2010-06-13

"ある数学者の生涯と弁明" G.H.Hardy & C.P.Snow 著

ゴッドフレィ・ハロルド・ハーディを知ったのは、リーマン予想に関する文献を読んだ時で10年ぐらい前であろうか。この解析的整数論の巨匠は、リトルウッドとの共同研究やラマヌジャンを見出したことで有名であるが、ゼータ関数で近似関数等式を示し、自明でない零点の数が無限に存在することを証明したことでも知られる。
本書には、G.H.ハーディの著書「ある数学者の弁明」と、その友人C.P.スノーが綴った偉大な数学者の回想録「ハーディの思い出」の二篇が収録される。たった100ページほどの量だが、重量感は抜群!これは数学書というよりは哲学書である。まぁ、酔っ払いにとって数学は哲学であるので、まったく違和感はない。

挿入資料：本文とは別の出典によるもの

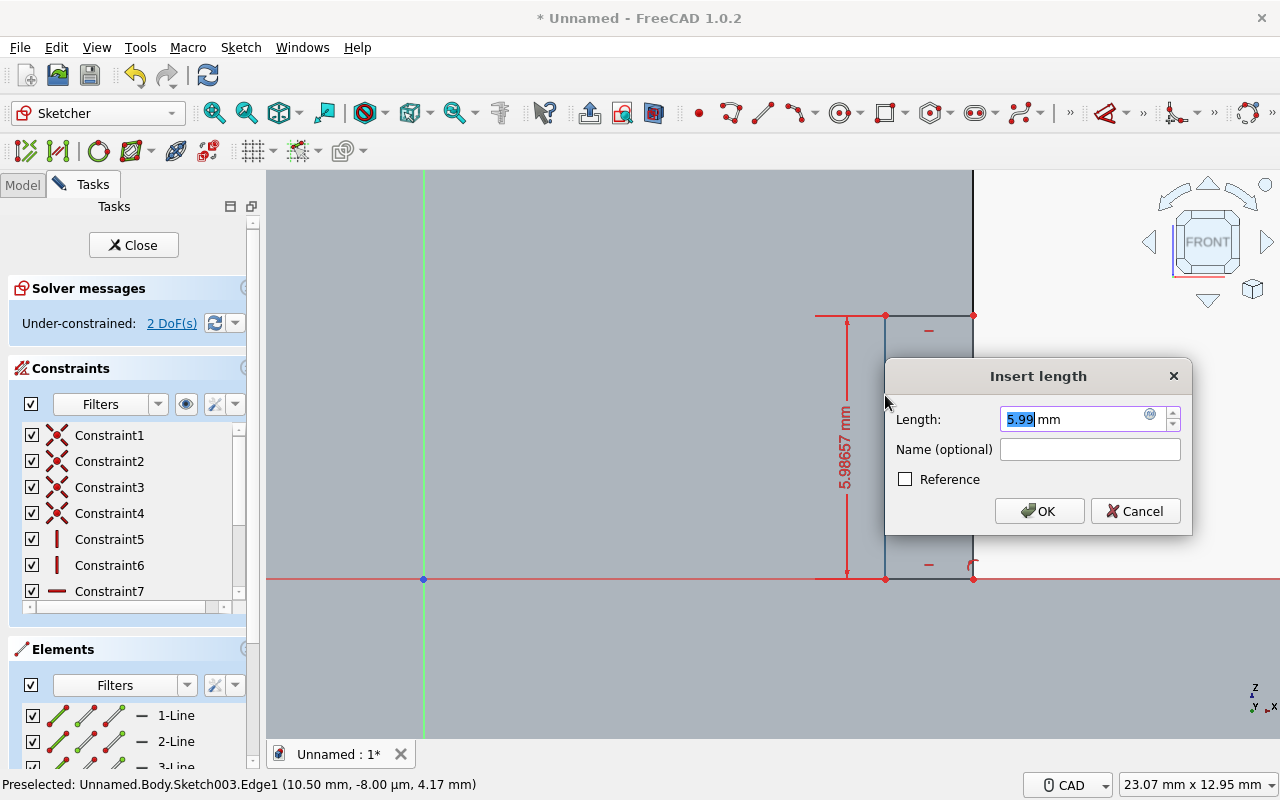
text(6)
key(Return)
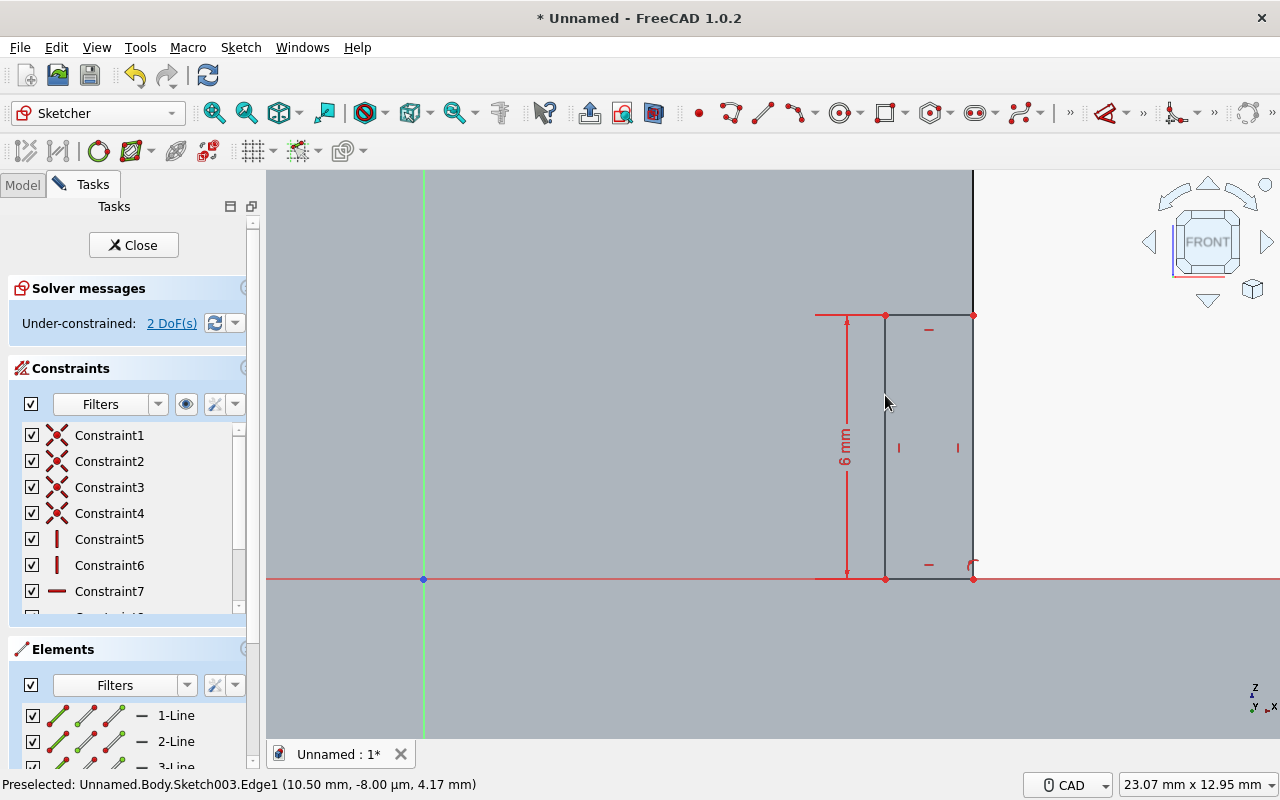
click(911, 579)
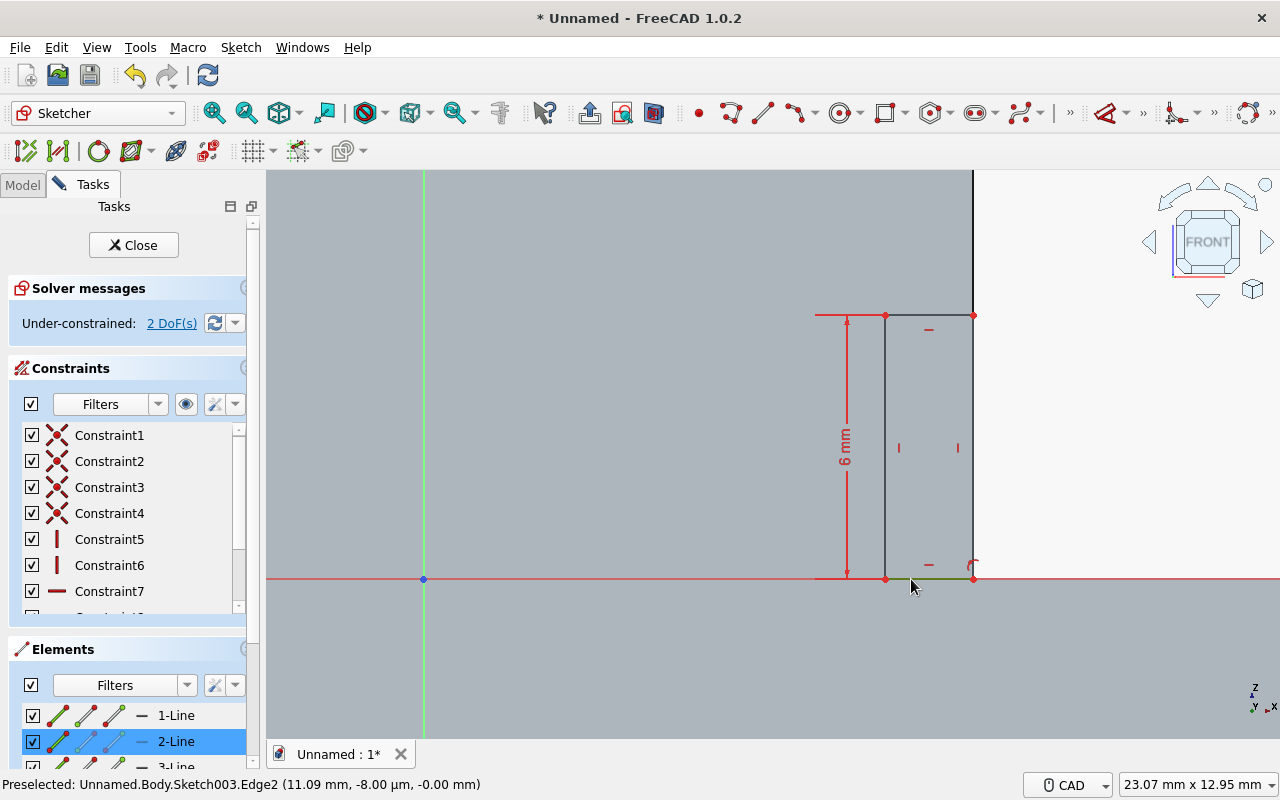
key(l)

「ある数学者の弁明」では、ハーディの晩年の苦悩と弁解が綴られ、数学は創造的な芸術であると誇り高く語りながら、数学の意義と正当性が語られる。ハーディは、純粋数学の偉大さは戦争に関与しないと自慢しているが、後に、相対性理論へ影響を与えて核兵器の応用になったり、数論が軍用の暗号システムで活躍したことは皮肉であろう。純粋な精神は、脂ぎった政治力によって悪用される宿命を背負う。
「専門の数学者にとって、数学について書くと言うのは憂鬱な経験である。数学者の役割とは、何かを為すこと、即ち新しい定理を証明し、数学に新たなものをつけ加えることであり、自分自身や他の数学者がしてきたことについて語ることではない。政治家は政治評論家を軽蔑し、画家は美術評論家を軽蔑し、生理学者、物理学者あるいは数学者も同様な感情を普通抱いている。つまり、創造する人々が、説明する人々に対して抱いている軽蔑ほど根が深く、また全体として正当なものではない。解説、批評、鑑賞などは二流の人の仕事である。」
ハーディは、評論家の立場で物事を語ることを蔑む。だが、創造的な情熱を失った晩年の姿には、もはや評論家の立場に置くしかない寂しい様子がある。そして、「反感を持ったり、嫌になったりしても、退屈するのだけは良くない」と最後の情熱を絞り出すかのように弁明する。純粋な精神が解放された作品には、芸術性を顕にする迫力がある。創造的な生き方ができなくなったと悟ったからこそ、哲学的名著が生み出せたのかもしれない。この偉大な数学者は、純粋数学を追い求めてきて、ついに純粋な精神に到達したのだろうか?芸術に到達した精神には何が見えるのだろうか?
「本当に一つのことをよくやれる人となると、一握りに過ぎない。まして、二つのことを本当によくやれる人の数は無視できるほどのものである。」
それゆえに、才能のある人はあらゆる犠牲を払ってでも、能力を高めなければならないという。知的分野であれ、スポーツであれ、あらゆる分野において達人の域に至った者でしか味わえない境地というものがあるのだろう。
「本当の腕利きを賞賛しない者は、(いやな意味での)知識人だけである。」
人生を一つのことに集中できるというのは、一部の天才たちにのみ与えられた幸せなのであろう。多くのものに手を出しても、どれも究めることなどできやしない。なんでもできるってのは、なんにもできないことを意味し、器用貧乏で終わる。
しかし、だ!凡庸にも満たない酔っ払いに、勝手な解釈で暴走する以外に何ができようか?創造する側に立つのは、はかない憧れでしかない。一つのことすら中途半端にしかできないのであれば、いろんなことに手を出すことに幸せを見出すのも悪くはない。それが酔っ払った凡庸未満の生き方というものである。そして、夜の社交場でいろいろと手を出して火傷ばかりするのであった。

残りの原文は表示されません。